Diagnosis: Soft tissue damage, and a slightly crooked nose that will need to be checked out by an Ear, Nose and Throat specialist; we were cleared to head back home to rest. She had a night ahead of her of ice packs and Panadol. When we got home, I remembered that she had her school photos coming up that week too. I looked over at her, her mashed up nose, panda eyes, relaxing on the couch watching You Tube. Next to her was Mishy with a painful looking face – shiny from the layers of aloe gel I kept applying to stop his face from cooking.
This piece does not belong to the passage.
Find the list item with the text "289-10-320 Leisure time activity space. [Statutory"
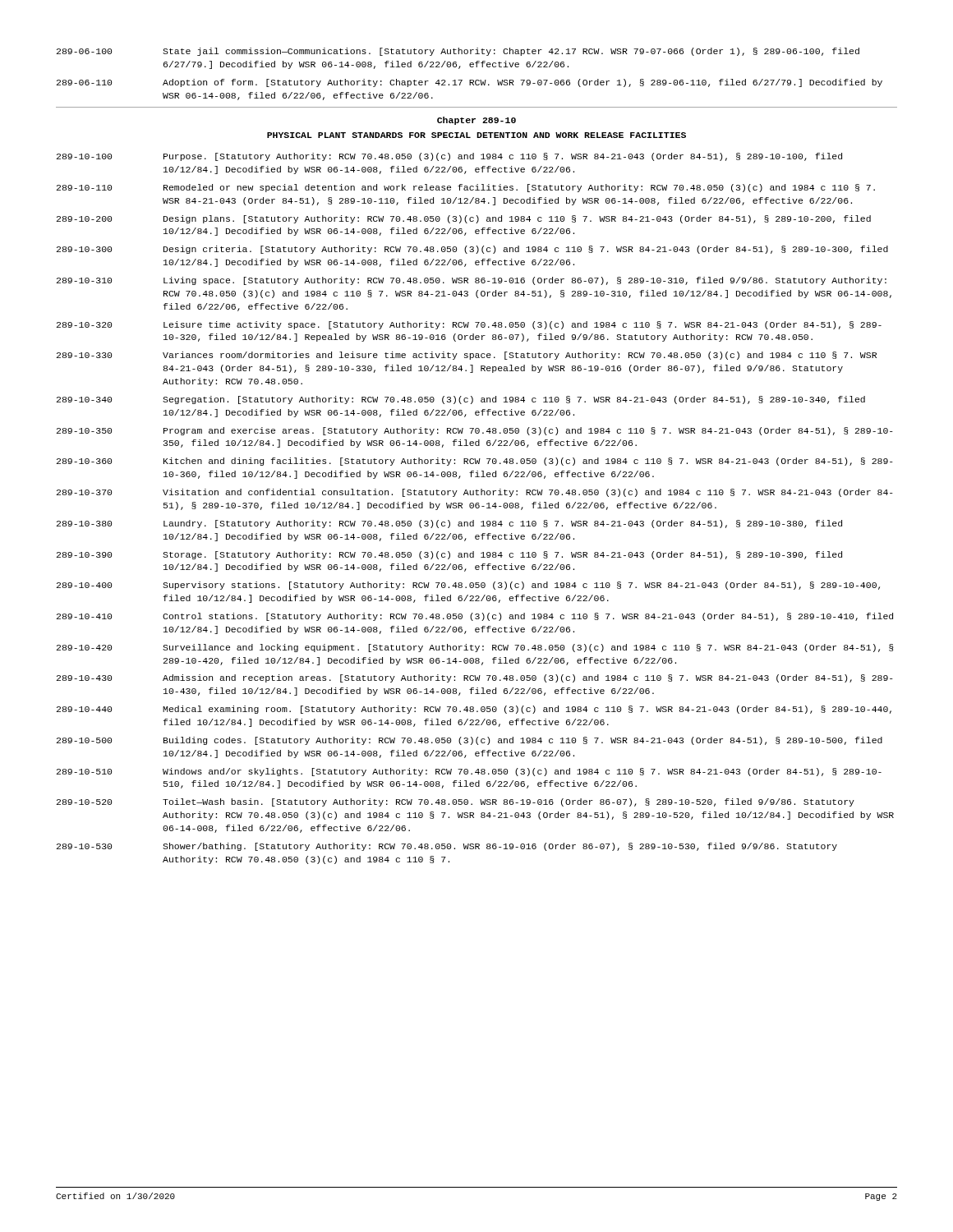The height and width of the screenshot is (1232, 953). (x=476, y=331)

Two days later, following our trip to the ER for Marcia Brady and El Scorcho, I sat with what was going to be my first of many coffees for the next few weeks, and watched my husband pack his gear into his car and head off on tasking. No sooner had he driven off, Ripley got up and walked over to the dining room and vomited.

Oh boy. Here we go…

I cleaned up the vomit and put Ripley outside where I then watched her. She wandered around the yard and then went and laid down on her bed. Maybe she overindulged in the kitty litter? Whilst she relaxed outside, I got the kids up ready for school. When I returned from school drop-off, I brought Ripley back inside. She seemed flat. Missing hubby? I offered her one of her favourite treats, she turned her head away and rested her chin on her paws. I called her over to the other side of the room and I noticed she seemed really slow to stand. This wasn’t right. I called the vet (who had only a week earlier taken the final stent and stitches from out of Ripley’s inner ear) and I explained what was happening. They booked her in for that afternoon. In the meantime, I washed her mouth out and thinking to myself could it be she has licked a cane toad? She was drinking water, but not enough.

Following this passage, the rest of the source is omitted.